Pensaba que su condición de extranjero lo eximiría de la cámara de torturas adonde eran llevados los detenidos después del último interrogatorio. Había nacido en Salt Lake City y llevaba casi seis meses detenido. Fue capturado cuando la avioneta que tripulaba ¾ y desde donde arrojaba octavillas religiosas¾ tuvo que realizar un aterrizaje forzoso sobre una sabana camagüeyana.

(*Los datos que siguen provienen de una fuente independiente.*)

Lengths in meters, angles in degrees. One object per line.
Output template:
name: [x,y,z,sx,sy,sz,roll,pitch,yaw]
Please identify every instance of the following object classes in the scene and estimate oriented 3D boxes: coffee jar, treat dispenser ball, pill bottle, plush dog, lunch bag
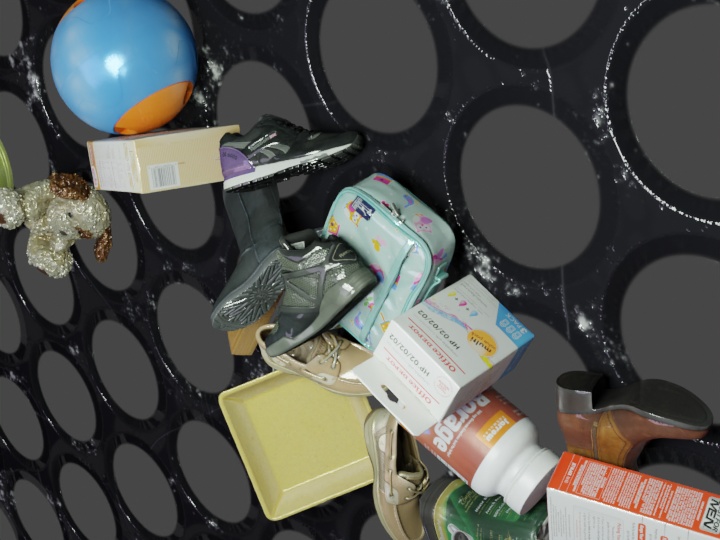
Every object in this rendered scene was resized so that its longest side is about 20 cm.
coffee jar: [0.171,0.333,1.414,0.199,0.085,0.105,5,123,42]
treat dispenser ball: [-0.323,-0.288,1.507,0.200,0.200,0.203,21,123,36]
pill bottle: [0.148,0.203,1.356,0.200,0.112,0.113,39,132,24]
plush dog: [-0.491,-0.097,1.836,0.170,0.161,0.201,3,141,28]
lunch bag: [0.025,-0.007,1.341,0.160,0.077,0.201,43,134,22]

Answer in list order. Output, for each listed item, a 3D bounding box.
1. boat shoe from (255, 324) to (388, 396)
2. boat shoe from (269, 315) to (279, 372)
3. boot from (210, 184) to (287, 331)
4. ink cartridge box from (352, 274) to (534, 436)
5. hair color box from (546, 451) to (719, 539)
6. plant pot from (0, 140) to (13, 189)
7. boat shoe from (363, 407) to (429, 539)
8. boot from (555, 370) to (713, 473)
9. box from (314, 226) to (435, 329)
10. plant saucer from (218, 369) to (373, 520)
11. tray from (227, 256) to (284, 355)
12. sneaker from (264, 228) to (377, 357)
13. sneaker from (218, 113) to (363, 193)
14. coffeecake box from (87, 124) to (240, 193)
boat shoe: [-0.049,0.119,1.485,0.198,0.072,0.065,10,157,17]
boat shoe: [-0.114,0.159,1.623,0.072,0.062,0.202,21,123,36]
boot: [-0.161,-0.040,1.491,0.165,0.065,0.201,-42,49,22]
ink cartridge box: [0.099,0.096,1.286,0.115,0.199,0.068,44,134,19]
hair color box: [0.313,0.284,1.226,0.198,0.064,0.112,14,135,27]
plant pot: [-0.770,-0.170,2.011,0.199,0.184,0.202,20,122,35]
boat shoe: [0.058,0.289,1.514,0.064,0.071,0.202,-5,105,46]
boot: [0.311,0.223,1.244,0.187,0.068,0.202,4,118,31]
box: [0.000,0.000,1.454,0.199,0.038,0.138,-13,100,46]
plant saucer: [-0.075,0.228,1.570,0.198,0.048,0.202,-22,95,4]
tray: [-0.151,0.022,1.580,0.201,0.037,0.099,-59,36,42]
sneaker: [-0.070,0.024,1.340,0.115,0.076,0.199,54,134,11]
sneaker: [-0.096,-0.165,1.408,0.198,0.076,0.089,-13,86,18]
coffeecake box: [-0.271,-0.155,1.519,0.199,0.152,0.074,10,110,58]
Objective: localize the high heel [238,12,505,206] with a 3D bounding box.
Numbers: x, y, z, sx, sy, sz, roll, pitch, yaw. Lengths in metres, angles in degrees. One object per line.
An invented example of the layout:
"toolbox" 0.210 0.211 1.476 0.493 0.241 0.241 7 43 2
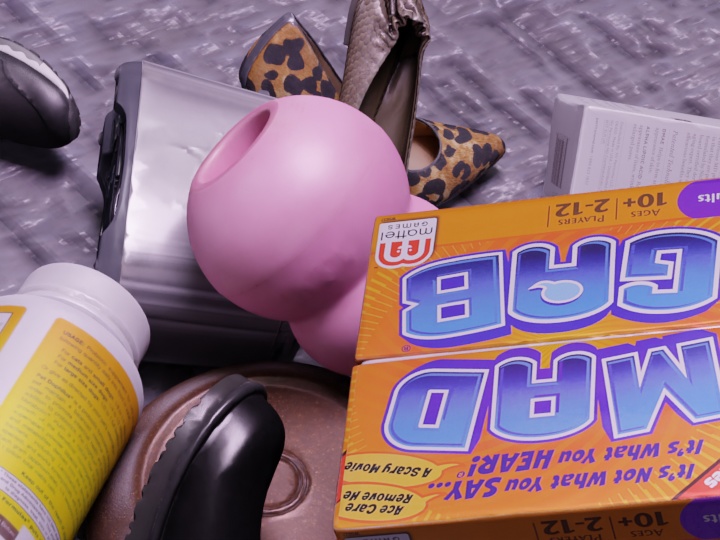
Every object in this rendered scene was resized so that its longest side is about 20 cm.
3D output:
"high heel" 0.015 -0.106 1.509 0.199 0.143 0.072 -9 41 -24

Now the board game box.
"board game box" 0.116 0.101 1.152 0.199 0.201 0.200 -7 43 14

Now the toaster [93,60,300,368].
"toaster" -0.093 -0.021 1.391 0.128 0.114 0.201 8 62 -9

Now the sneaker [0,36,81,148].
"sneaker" -0.274 -0.108 1.505 0.199 0.076 0.088 22 52 20

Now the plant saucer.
"plant saucer" -0.049 0.122 1.275 0.199 0.037 0.201 1 52 -1

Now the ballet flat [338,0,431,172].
"ballet flat" 0.011 -0.082 1.457 0.067 0.201 0.046 11 -1 -43

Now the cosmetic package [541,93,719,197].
"cosmetic package" 0.225 -0.057 1.528 0.199 0.082 0.113 7 8 -6

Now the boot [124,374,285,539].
"boot" -0.041 0.172 1.173 0.157 0.079 0.212 20 82 14

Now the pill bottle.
"pill bottle" -0.183 0.089 1.243 0.109 0.110 0.200 20 47 8

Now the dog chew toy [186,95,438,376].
"dog chew toy" 0.000 0.000 1.296 0.200 0.124 0.125 45 37 -18
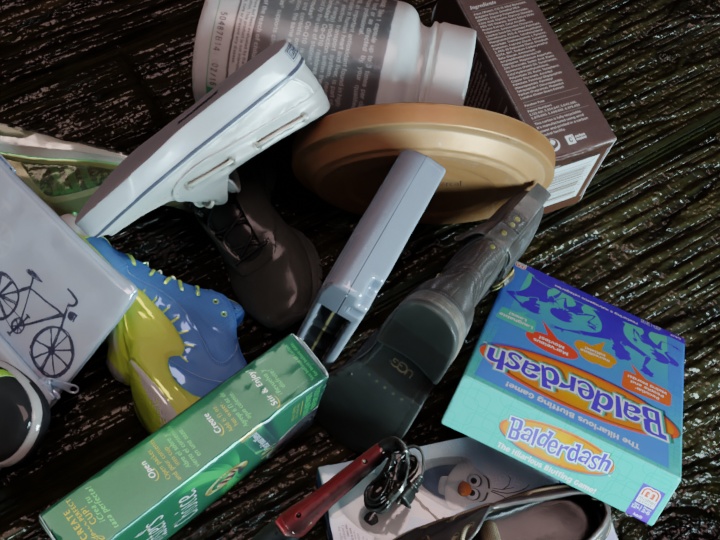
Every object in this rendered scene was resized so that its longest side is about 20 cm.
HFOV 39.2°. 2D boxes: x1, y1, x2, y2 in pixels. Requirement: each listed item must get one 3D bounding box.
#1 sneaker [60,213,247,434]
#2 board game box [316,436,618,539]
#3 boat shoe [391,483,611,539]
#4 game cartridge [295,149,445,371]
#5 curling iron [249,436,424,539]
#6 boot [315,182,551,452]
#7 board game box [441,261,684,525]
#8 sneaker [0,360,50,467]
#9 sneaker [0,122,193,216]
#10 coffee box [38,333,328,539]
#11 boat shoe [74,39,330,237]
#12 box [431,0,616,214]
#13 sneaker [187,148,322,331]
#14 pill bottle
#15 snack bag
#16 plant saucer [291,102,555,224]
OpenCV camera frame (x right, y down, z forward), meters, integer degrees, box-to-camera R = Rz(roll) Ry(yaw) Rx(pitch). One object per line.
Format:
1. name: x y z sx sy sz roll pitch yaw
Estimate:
1. sneaker: -0.154 0.032 0.771 0.105 0.076 0.200 -23 72 -32
2. board game box: 0.086 0.218 0.709 0.198 0.043 0.201 -10 65 -9
3. boat shoe: 0.075 0.185 0.659 0.199 0.073 0.075 -23 67 -16
4. game cartridge: 0.000 0.000 0.722 0.040 0.200 0.134 33 63 1
5. curling iron: -0.042 0.177 0.686 0.200 0.026 0.050 -33 39 5
6. boot: 0.058 0.036 0.748 0.069 0.200 0.174 42 44 2
7. board game box: 0.155 0.077 0.729 0.152 0.045 0.200 25 29 6
8. sneaker: -0.306 0.078 0.678 0.199 0.083 0.072 22 91 15
9. sneaker: -0.230 -0.060 0.817 0.199 0.077 0.089 13 94 -1
10. coffee box: -0.115 0.134 0.688 0.200 0.123 0.044 -35 75 -22
11. boat shoe: -0.111 -0.078 0.713 0.200 0.072 0.066 -38 111 5
12. box: 0.132 -0.155 0.872 0.075 0.100 0.201 -18 67 -16
13. sneaker: -0.097 -0.041 0.780 0.076 0.091 0.200 -36 58 14
14. pill bottle: -0.019 -0.156 0.769 0.199 0.113 0.114 12 63 1
15. snack bag: -0.277 0.033 0.731 0.188 0.021 0.200 42 93 15
16. plant saucer: 0.047 -0.073 0.766 0.199 0.200 0.032 3 75 -4
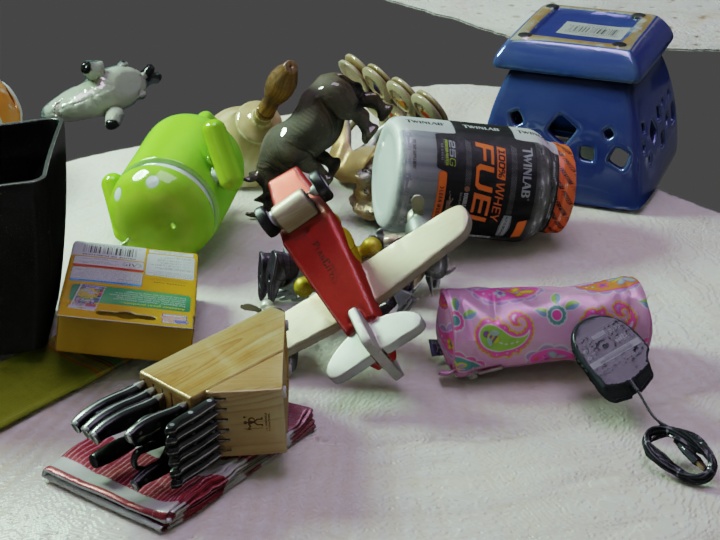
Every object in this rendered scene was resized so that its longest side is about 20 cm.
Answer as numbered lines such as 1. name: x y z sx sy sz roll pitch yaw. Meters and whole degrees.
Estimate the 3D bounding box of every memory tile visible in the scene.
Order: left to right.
1. memory tile: 0.057 -0.172 1.920 0.017 0.154 0.200 -42 39 -11

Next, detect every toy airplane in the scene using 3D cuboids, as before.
1. toy airplane: -0.010 0.017 1.529 0.199 0.200 0.141 12 -8 16

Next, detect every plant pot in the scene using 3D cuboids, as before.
1. plant pot: -0.369 -0.023 1.562 0.199 0.178 0.200 -8 22 -2
2. plant pot: 0.257 -0.198 1.917 0.199 0.181 0.200 10 27 21

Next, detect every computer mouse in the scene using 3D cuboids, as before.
1. computer mouse: 0.243 0.113 1.427 0.058 0.034 0.200 -26 49 -6

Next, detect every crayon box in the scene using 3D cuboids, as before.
1. crayon box: -0.219 0.034 1.567 0.125 0.052 0.200 6 19 -7

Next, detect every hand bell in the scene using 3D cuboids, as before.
1. hand bell: -0.105 -0.180 1.850 0.104 0.200 0.105 6 67 -15

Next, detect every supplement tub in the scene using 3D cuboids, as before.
1. supplement tub: 0.119 -0.095 1.758 0.199 0.123 0.123 4 25 -13

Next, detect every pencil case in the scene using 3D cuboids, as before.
1. pencil case: 0.166 0.052 1.530 0.199 0.088 0.088 -5 27 -6

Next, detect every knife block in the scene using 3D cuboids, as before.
1. knife block: -0.147 0.106 1.395 0.174 0.064 0.200 -2 27 0

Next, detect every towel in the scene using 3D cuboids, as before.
1. towel: -0.289 0.091 1.531 0.086 0.018 0.200 19 33 36
2. towel: -0.152 0.146 1.412 0.144 0.023 0.200 17 31 33

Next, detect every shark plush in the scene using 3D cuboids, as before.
1. shark plush: -0.328 -0.241 2.152 0.083 0.091 0.200 -21 18 34

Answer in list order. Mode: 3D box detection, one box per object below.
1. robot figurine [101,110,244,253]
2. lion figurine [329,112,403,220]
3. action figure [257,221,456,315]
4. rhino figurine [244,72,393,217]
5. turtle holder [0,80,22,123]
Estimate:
1. robot figurine: -0.194 -0.088 1.765 0.175 0.116 0.200 -21 27 29
2. lion figurine: 0.008 -0.122 1.893 0.072 0.123 0.200 34 -3 -22
3. action figure: 0.000 0.000 1.657 0.199 0.070 0.130 -3 19 -13
4. rhino figurine: -0.061 -0.132 1.822 0.087 0.200 0.060 41 16 -9
5. turtle holder: -0.470 -0.154 1.922 0.141 0.186 0.132 40 38 7
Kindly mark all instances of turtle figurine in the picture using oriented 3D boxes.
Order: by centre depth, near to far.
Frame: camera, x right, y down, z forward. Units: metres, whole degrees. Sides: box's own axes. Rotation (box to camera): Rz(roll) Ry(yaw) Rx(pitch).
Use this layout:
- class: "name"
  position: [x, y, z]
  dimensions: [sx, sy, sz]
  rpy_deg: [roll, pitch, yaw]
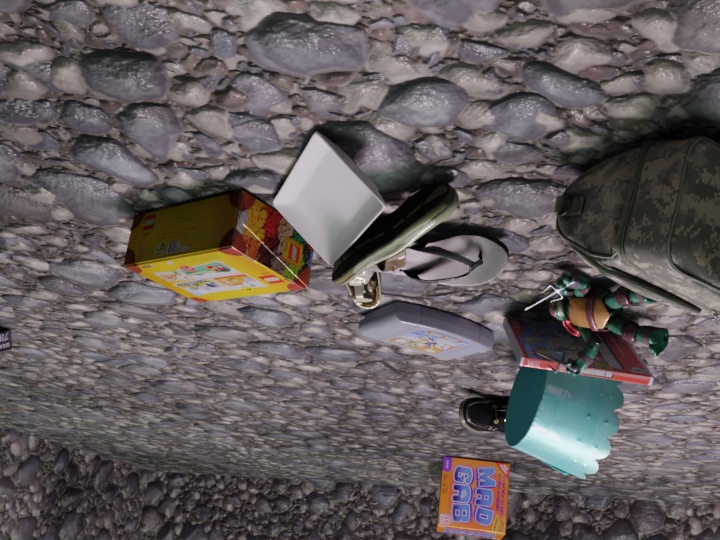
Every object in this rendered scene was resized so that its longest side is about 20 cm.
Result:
- class: "turtle figurine"
  position: [0.310, 0.058, 1.203]
  dimensions: [0.199, 0.101, 0.151]
  rpy_deg: [-3, 119, 47]

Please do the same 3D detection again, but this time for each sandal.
- class: "sandal"
  position: [0.039, -0.029, 1.028]
  dimensions: [0.200, 0.080, 0.057]
  rpy_deg: [-28, 124, 36]
- class: "sandal"
  position: [0.085, -0.011, 1.105]
  dimensions: [0.197, 0.043, 0.077]
  rpy_deg: [3, 124, -2]

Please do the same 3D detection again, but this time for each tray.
- class: "tray"
  position: [-0.035, -0.079, 1.004]
  dimensions: [0.107, 0.022, 0.200]
  rpy_deg: [46, 154, 0]

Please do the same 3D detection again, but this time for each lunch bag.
- class: "lunch bag"
  position: [0.316, -0.037, 0.904]
  dimensions: [0.198, 0.141, 0.167]
  rpy_deg: [21, 172, -30]

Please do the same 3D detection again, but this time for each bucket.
- class: "bucket"
  position: [0.335, 0.229, 1.495]
  dimensions: [0.133, 0.209, 0.207]
  rpy_deg: [19, 158, -5]

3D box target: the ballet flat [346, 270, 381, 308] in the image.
- class: "ballet flat"
  position: [0.000, 0.000, 1.190]
  dimensions: [0.069, 0.070, 0.200]
  rpy_deg: [3, 159, 10]

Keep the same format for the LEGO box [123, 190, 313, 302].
- class: "LEGO box"
  position: [-0.184, -0.025, 1.168]
  dimensions: [0.198, 0.078, 0.149]
  rpy_deg: [-8, 155, 34]

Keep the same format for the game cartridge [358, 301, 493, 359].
- class: "game cartridge"
  position: [0.113, 0.101, 1.462]
  dimensions: [0.198, 0.042, 0.133]
  rpy_deg: [18, 161, -27]

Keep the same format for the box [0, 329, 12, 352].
- class: "box"
  position: [-0.843, 0.157, 1.790]
  dimensions: [0.196, 0.050, 0.200]
  rpy_deg: [-1, -172, 21]

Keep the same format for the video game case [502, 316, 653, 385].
- class: "video game case"
  position: [0.321, 0.119, 1.338]
  dimensions: [0.197, 0.018, 0.143]
  rpy_deg: [9, -160, -5]

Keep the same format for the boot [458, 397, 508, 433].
- class: "boot"
  position: [0.317, 0.294, 1.846]
  dimensions: [0.202, 0.074, 0.153]
  rpy_deg: [16, 156, -39]

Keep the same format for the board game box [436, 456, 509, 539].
- class: "board game box"
  position: [0.334, 0.682, 2.670]
  dimensions: [0.197, 0.202, 0.200]
  rpy_deg: [5, 159, 7]
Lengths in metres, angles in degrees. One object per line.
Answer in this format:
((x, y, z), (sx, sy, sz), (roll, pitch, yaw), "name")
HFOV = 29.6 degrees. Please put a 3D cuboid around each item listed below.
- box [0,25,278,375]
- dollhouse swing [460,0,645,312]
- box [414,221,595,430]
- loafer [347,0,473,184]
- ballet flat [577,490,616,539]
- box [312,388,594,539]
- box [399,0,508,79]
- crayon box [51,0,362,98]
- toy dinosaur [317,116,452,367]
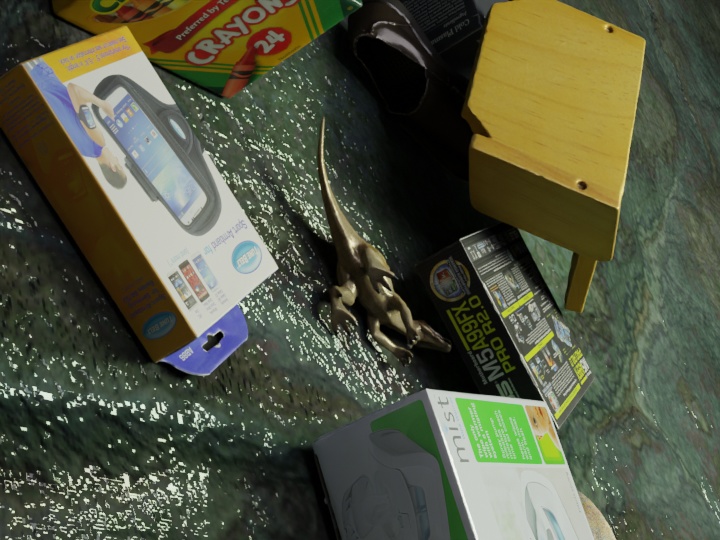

Lo sacaron de su celda a altas horas de la noche, de una noche ya extraviada en el calendario de su mente, y fue conducido por largos pasillos apenas iluminados por una pobre luz amarilla.

La cámara de torturas parecía un eficiente laboratorio dental con amplios sillones y un sinnúmero de aparatos eléctricos conectados a los sillones por cientos de cables y tornillos. A la derecha, una cama con correas para sujetar al reo y una gigantesca lámpara que proyectaba una luz incandescente. Al centro, la silla perforada de la cual hablaban tanto los reclusos, cuya función era perforar el ano del preso con un enorme taladro que se enroscaba desde el fondo de la silla. La sangre lavada y seca había manchado aquel local de un color siniestro.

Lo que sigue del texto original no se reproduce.